Reflections from this chapter:
- What fuels you to get things done? Is that what you want to fuel you?
And the Soul Felt Its Worth
She opens this chapter with the lyrics from “O Holy Night” and she talks about how the line “till He appear’d and the soul felt its worth” stopped her in her tracks. This is what we are all craving she says, “the sense that we matter, that someone sees us, that we are loved and valued.” I have found on my own journey that I spend way too much time finding my worth in expectations that are placed on me, either by myself or by others. I have been so focused on tasks and striving that I often fell into bed at night exhausted and empty! My soul was dead!
She says that “it’s from our souls that we love, that we feel, that we create, that we connect.” Then she goes on to share what kills a soul, exhaustion, keeping secrets and trying to manage your image… that makes me tired just typing it! Truth telling, real connection and grace is what brings your soul back to life.
Reflections from this chapter:
- Where are you on this journey? Is your soul completely dead, is it fully alive or somewhere in between?
Bring in the Love
We’ve come to the end and Shauna is sharing how this place of being fueled by love is good in her life. She says she has a “new patience, a new settledness, a new desire to be exactly where I am right now.” I have found this to be true for myself as well, even just this month as I’m letting the truths of this book settle in.
I think the goal here is to center ourselves on what truly matters & what God has called us to and be sure that is where we spend the bulk of our energy. This will be something we have to observe and evaluate often and it will be a process that happens slowly with each choice we make. As Shauna ends, she warns us that we will not be perfect in this and we have to give ourselves grace.
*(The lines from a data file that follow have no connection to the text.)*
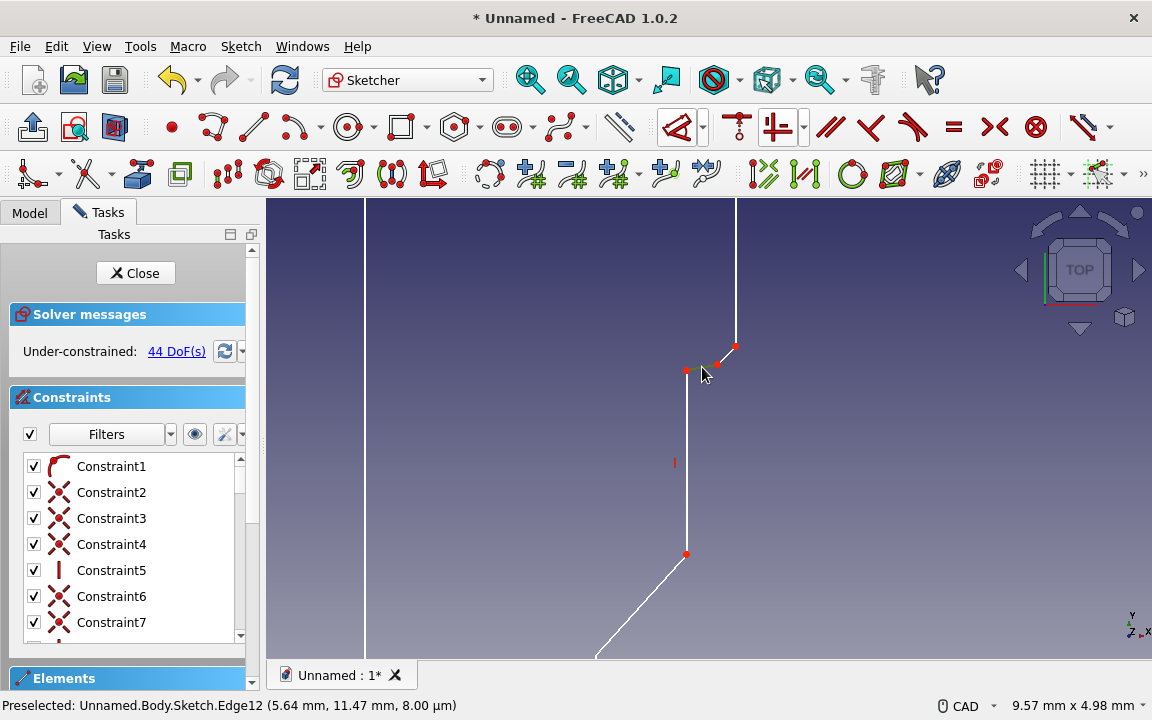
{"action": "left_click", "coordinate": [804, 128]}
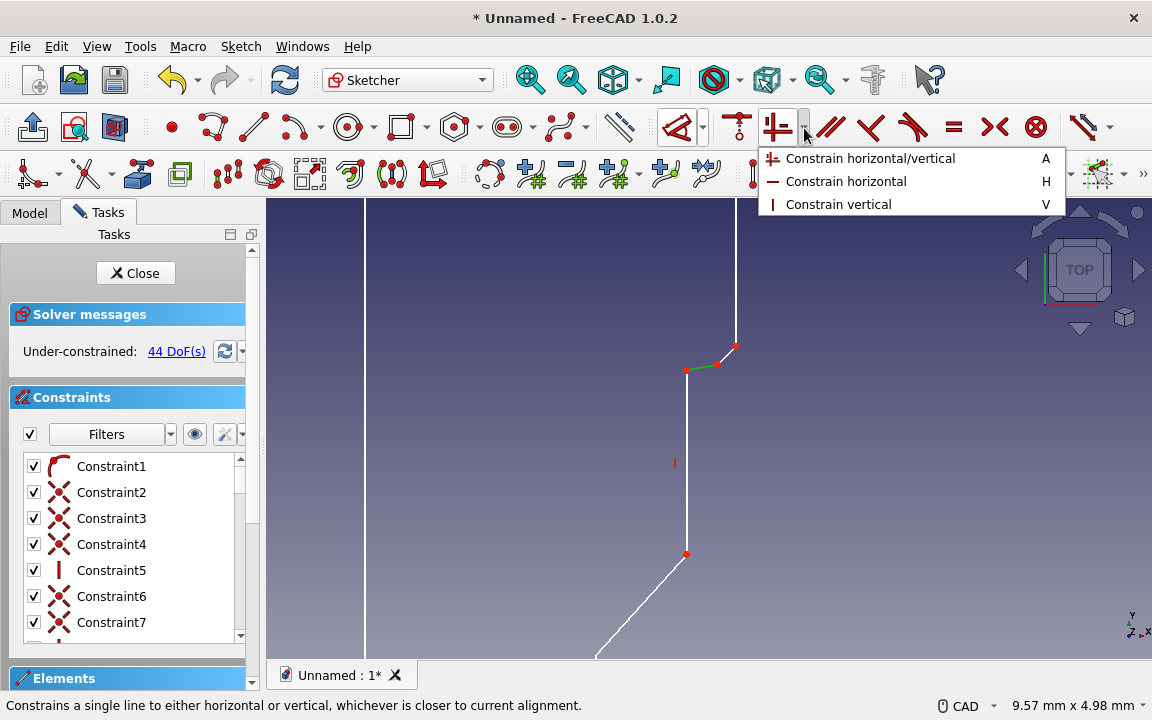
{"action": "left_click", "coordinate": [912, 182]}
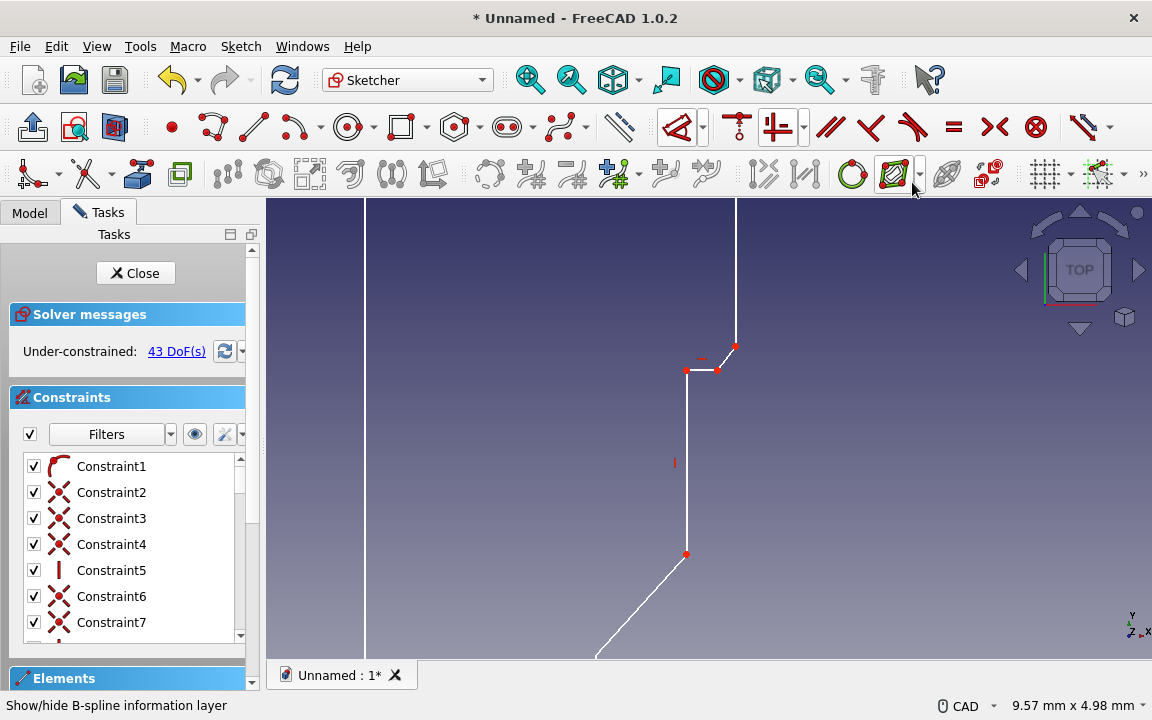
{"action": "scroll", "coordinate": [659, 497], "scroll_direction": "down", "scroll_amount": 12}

So on this journey myself, I have found that after eliminating some things in my family’s world, our lives are still busier than I would like. So what do I do with that? For me, it means that I let go of the expectations either I have placed or others have placed on me in the areas that don’t matter. I spend more time and energy on my relationships than keeping the house clean. I don’t stress over my child’s homework being perfectly done or how I look when I head out to a soccer practice… being present in these moments is more important to me than perfection. It’s shows up in the little choices and the big choices. It takes a true perspective shift for me and maybe for you too.
I’m so grateful to Shauna for allowing us this little peak into her life and journey! I think her vulnerability will encourage us to move toward a life filled with more meaning and connection and for that I am thankful! Much love to you on your journey!
Thank you so much for this virtual book club and journey! You really helped me put into perspective Shauna’s message.
So glad to have stumbled upon your site! I have you bookmarked for future reference! 🙂
Brooke, so glad that you found it helpful! Loved that book, it was life changing for me as well!